Speaking of which, these kinds of things, I hate them the most. "Designed to be a tool for communication, but is actually used as an instrument to test the intimacy between people."
Moving on! Lots to talk about in the post!
The neighbors have been driving me stark raving mad lately. I can hear them CLEARLY through my window. Always arguing, always screaming at each other. It's too hot if I close the windows; probably why they have their windows open too. The lesson to be learnt here is not that you shouldn't annoying the hell out of JoJo, it's your own house after all, but that you shouldn't talk about such idiotic and vapid things all the time. Even the people listening will feel ashamed for you. If you must shout at the top of your lungs and disturb your neighbors, then please ATTEMPT to censor yourself and give me a modicum of peace and quiet. Respect; there is none here. I have to jack up my music to drown you out, then I feel bad.
Oh, you say I should go and knock on their door and tell them nicely to be quiet. Fine, you try reasoning with people who scream at each other all the time. Do it. There is a saying in Chinese, "江山易改,本性難移". It is easier to move mountains than to change a person's character. These people are stuck in their ways and I am not willing to move mountains for them. Whenever I am outside the house, I can hear them. Maybe I should resort to leaving angry, passive-aggressive notes on their front door for the whole street to see. That seems to be the trend nowadays. ~end sarcasm Anyways, I have a feeling that if I talk to them, they'd be quiet for a bit then start yelling again. Waste my breath. Pffftttt actually, what I'm doing now is somewhat passive-aggressive haha.

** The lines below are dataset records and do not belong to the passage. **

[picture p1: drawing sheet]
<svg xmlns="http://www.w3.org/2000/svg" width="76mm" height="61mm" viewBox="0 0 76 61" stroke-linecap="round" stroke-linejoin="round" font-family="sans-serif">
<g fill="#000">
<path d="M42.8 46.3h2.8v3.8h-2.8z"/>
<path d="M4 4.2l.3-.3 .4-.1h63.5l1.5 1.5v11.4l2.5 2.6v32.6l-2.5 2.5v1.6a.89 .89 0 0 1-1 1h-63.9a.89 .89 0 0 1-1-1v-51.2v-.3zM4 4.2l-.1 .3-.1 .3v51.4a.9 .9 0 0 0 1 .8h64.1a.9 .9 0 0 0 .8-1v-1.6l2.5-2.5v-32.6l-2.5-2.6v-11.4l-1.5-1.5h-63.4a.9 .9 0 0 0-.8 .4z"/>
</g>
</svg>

Next! (I told you this was a long post.) I've been burning through a lot of snacks lately. I love sweets. If I could eat sweets all day and not be sick of them then I'd do it. Anyhow, I have always been a fan of Milky candies from Fujiya. You know, the Peko girl. They came out with a macha flavored candy!
Oh oooh and I even got a special wrapper. Well, I'm not entirely sure if it's a special one or not. But once I did get a special wrapper with their normal candy. Dunno if I still have it. Knowing me, I collect all sorts of useless junk. Apparently candy wrappers being one of them.
Eh you see the yukata there!?
And then that got me thinking, what if someone made macha flavored Gitanes!
PLUS
= Perfect!
I just realized this post has gotten more and more stupid... so I will stop writing it now..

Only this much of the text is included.